Runbook links in every alert. An alert without a runbook is a puzzle handed to a sleepy engineer. The annotation runbook_url is officially supported by Alertmanager and rendered as a clickable link in most receivers. Treat a missing runbook as a deployment blocker, the same way you treat a missing test.

Validating and Reloading Rules

Prometheus ships promtool — use it in CI to validate rule files before they reach production.

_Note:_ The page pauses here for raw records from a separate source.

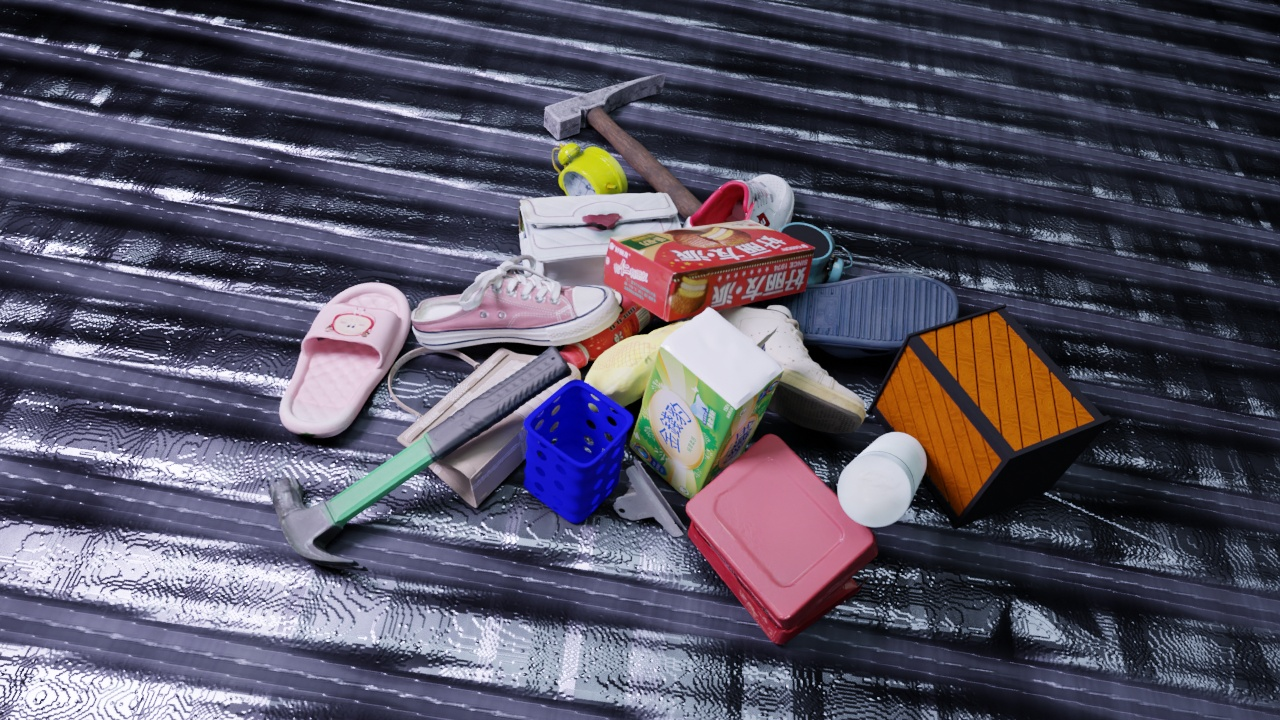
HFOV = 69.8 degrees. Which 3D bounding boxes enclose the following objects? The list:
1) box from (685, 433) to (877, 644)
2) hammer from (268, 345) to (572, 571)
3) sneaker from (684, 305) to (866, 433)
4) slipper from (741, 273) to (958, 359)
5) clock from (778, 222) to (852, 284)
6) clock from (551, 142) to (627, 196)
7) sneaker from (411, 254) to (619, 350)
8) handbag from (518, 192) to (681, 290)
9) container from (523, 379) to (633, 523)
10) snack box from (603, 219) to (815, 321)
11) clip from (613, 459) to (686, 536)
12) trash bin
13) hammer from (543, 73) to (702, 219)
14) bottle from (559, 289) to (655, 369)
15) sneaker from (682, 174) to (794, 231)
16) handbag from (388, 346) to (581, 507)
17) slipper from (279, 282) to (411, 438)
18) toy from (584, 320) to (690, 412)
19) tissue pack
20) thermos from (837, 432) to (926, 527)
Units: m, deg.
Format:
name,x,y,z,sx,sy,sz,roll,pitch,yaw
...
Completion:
name,x,y,z,sx,sy,sz,roll,pitch,yaw
box,0.136,0.174,0.903,0.136,0.127,0.157,-30,60,-23
hammer,-0.207,0.088,0.907,0.318,0.032,0.130,-35,58,-7
sneaker,0.164,-0.006,1.066,0.241,0.089,0.102,31,69,23
slipper,0.254,-0.043,1.136,0.264,0.082,0.101,-1,62,15
clock,0.226,-0.140,1.222,0.124,0.053,0.090,-4,52,-16
clock,-0.073,-0.251,1.249,0.119,0.083,0.056,37,61,18
sneaker,-0.146,-0.070,1.039,0.241,0.088,0.118,-5,37,4
handbag,-0.050,-0.154,1.163,0.198,0.096,0.141,-6,51,-11
container,-0.066,0.095,0.940,0.084,0.114,0.084,34,54,19
snack box,0.083,-0.110,1.071,0.235,0.060,0.113,-14,34,-38
clip,0.000,0.148,0.949,0.054,0.102,0.043,-12,31,41
trash bin,0.379,0.060,1.021,0.139,0.140,0.171,-16,55,-21
hammer,0.028,-0.307,1.342,0.217,0.037,0.300,-26,60,-27
bottle,-0.044,-0.035,1.087,0.062,0.062,0.137,34,52,18
sneaker,0.137,-0.202,1.226,0.090,0.104,0.235,38,55,21
handbag,-0.196,0.041,1.011,0.198,0.062,0.175,28,53,24
slipper,-0.332,-0.007,1.024,0.107,0.056,0.221,12,51,3
toy,-0.006,0.006,1.005,0.154,0.170,0.064,-37,92,-6
tissue pack,0.084,0.035,0.960,0.120,0.198,0.141,45,57,13
thermos,0.246,0.115,0.919,0.068,0.068,0.229,31,12,17
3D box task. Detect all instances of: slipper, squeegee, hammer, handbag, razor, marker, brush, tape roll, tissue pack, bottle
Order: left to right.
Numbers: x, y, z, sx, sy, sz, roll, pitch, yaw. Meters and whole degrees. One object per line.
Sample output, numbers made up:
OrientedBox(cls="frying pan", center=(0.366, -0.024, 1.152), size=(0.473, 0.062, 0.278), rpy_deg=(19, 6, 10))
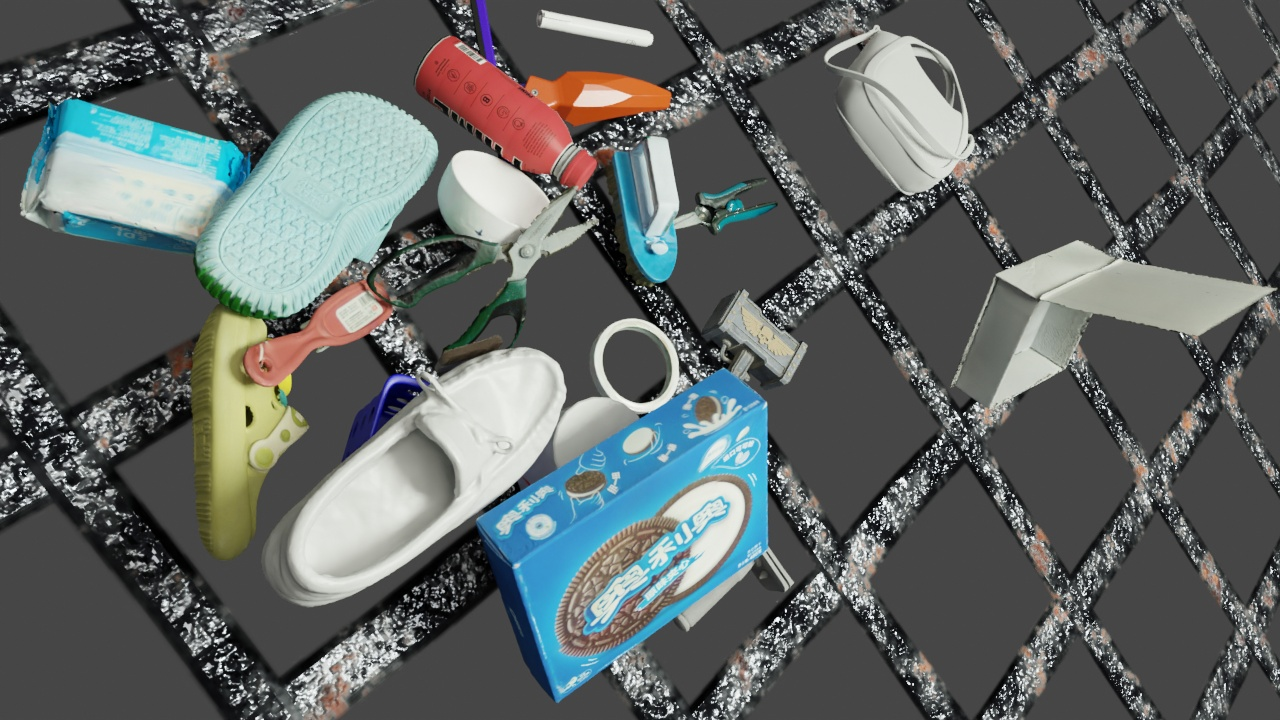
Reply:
OrientedBox(cls="tissue pack", center=(-0.375, -0.131, 0.694), size=(0.144, 0.062, 0.092), rpy_deg=(12, 72, -25))
OrientedBox(cls="slipper", center=(-0.285, 0.049, 0.678), size=(0.081, 0.092, 0.190), rpy_deg=(2, 78, -31))
OrientedBox(cls="brush", center=(-0.250, -0.019, 0.705), size=(0.041, 0.030, 0.172), rpy_deg=(57, 27, -11))
OrientedBox(cls="slipper", center=(-0.261, -0.125, 0.744), size=(0.116, 0.070, 0.275), rpy_deg=(38, 45, -17))
OrientedBox(cls="slipper", center=(-0.144, 0.070, 0.628), size=(0.246, 0.075, 0.112), rpy_deg=(-40, 112, -33))
OrientedBox(cls="brush", center=(-0.146, 0.007, 0.732), size=(0.045, 0.143, 0.008), rpy_deg=(-18, 84, -23))
OrientedBox(cls="bottle", center=(-0.119, -0.220, 0.839), size=(0.176, 0.062, 0.062), rpy_deg=(37, 61, 0))
OrientedBox(cls="squeegee", center=(-0.056, -0.260, 0.909), size=(0.184, 0.055, 0.249), rpy_deg=(-7, 79, -22))
OrientedBox(cls="marker", center=(-0.045, -0.348, 0.962), size=(0.133, 0.020, 0.017), rpy_deg=(0, 86, -29))
OrientedBox(cls="tape roll", center=(-0.005, 0.005, 0.887), size=(0.093, 0.013, 0.093), rpy_deg=(9, 72, -27))
OrientedBox(cls="brush", center=(0.009, -0.143, 0.901), size=(0.055, 0.075, 0.135), rpy_deg=(-3, 77, -29))
OrientedBox(cls="hammer", center=(0.052, 0.080, 0.884), size=(0.098, 0.044, 0.321), rpy_deg=(40, 63, -14))
OrientedBox(cls="razor", center=(0.077, 0.209, 0.860), size=(0.116, 0.047, 0.088), rpy_deg=(-37, 95, -24))
OrientedBox(cls="handbag", center=(0.337, -0.333, 1.129), size=(0.216, 0.096, 0.222), rpy_deg=(48, 54, -12))

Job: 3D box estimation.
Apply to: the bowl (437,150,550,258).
OrientedBox(cls="bowl", center=(-0.133, -0.133, 0.819), size=(0.105, 0.054, 0.104), rpy_deg=(29, 30, -19))

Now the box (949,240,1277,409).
OrientedBox(cls="box", center=(0.530, -0.095, 0.923), size=(0.166, 0.508, 0.148), rpy_deg=(-21, 82, -31))

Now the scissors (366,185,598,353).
OrientedBox(cls="scissors", center=(-0.134, -0.086, 0.768), size=(0.154, 0.015, 0.209), rpy_deg=(35, 95, -24))

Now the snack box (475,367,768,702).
OrientedBox(cls="snack box", center=(0.000, 0.141, 0.737), size=(0.238, 0.196, 0.056), rpy_deg=(-30, 47, -22))

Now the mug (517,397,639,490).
OrientedBox(cls="mug", center=(-0.037, 0.090, 0.799), size=(0.121, 0.090, 0.091), rpy_deg=(20, 67, -23))

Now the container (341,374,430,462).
OrientedBox(cls="container", center=(-0.179, 0.072, 0.712), size=(0.085, 0.114, 0.084), rpy_deg=(20, 67, -23))

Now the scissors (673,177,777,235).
OrientedBox(cls="scissors", center=(0.093, -0.159, 0.986), size=(0.138, 0.019, 0.128), rpy_deg=(24, 66, -19))

# Validate all rule files promtool check rules rules/*.yml # Unit-test alert expressions (promtool test rules) # test/alert_tests.yml rule_files: - ../rules/slo_alerts.yml tests: - interval: 1m input_series: - series: 'http_requests_total{job="api",status="500"}' values: '0 0 0 60 60 60 60 60 60 60' - series: 'http_requests_total{job="api",status="200"}' values: '0 1000 2000 3000 4000 5000 6000 7000 8000 9000' alert_rule_test: - eval_time: 5m alertname: HighErrorRate exp_alerts: [] # still pending, not yet 5m - eval_time: 10m alertname: HighErrorRate exp_alerts: - exp_labels: job: api severity: page team: backend

Run promtool test rules test/alert_tests.yml in your pipeline. Then reload Prometheus at runtime — no restart required — with either a SIGHUP or the HTTP reload endpoint (when --web.enable-lifecycle is set): curl -X POST http://localhost:9090/-/reload.

Production Pitfalls

Missing the recording rule for an alert expression: If your alert references a raw expensive query rather than a precomputed recording rule, under high load the evaluation may time out and the alert will silently not fire — precisely when you need it most. Always back critical alerts with recording rules.

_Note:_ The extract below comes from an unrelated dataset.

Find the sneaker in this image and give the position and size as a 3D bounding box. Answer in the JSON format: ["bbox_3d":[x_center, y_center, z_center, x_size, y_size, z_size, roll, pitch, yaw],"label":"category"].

Label cardinality explosion: Adding a high-cardinality label (e.g. user_id) to a recording rule produces one stored time series per user. That is usually catastrophic. Keep recording rules at job or service granularity, not instance or request granularity.

Evaluation interval vs. scrape interval mismatch: If you set a rule group interval shorter than the scrape interval for its underlying metrics, the rule will re-evaluate against the same data repeatedly, wasting CPU without producing new information. Keep rule intervals at or above the scrape interval.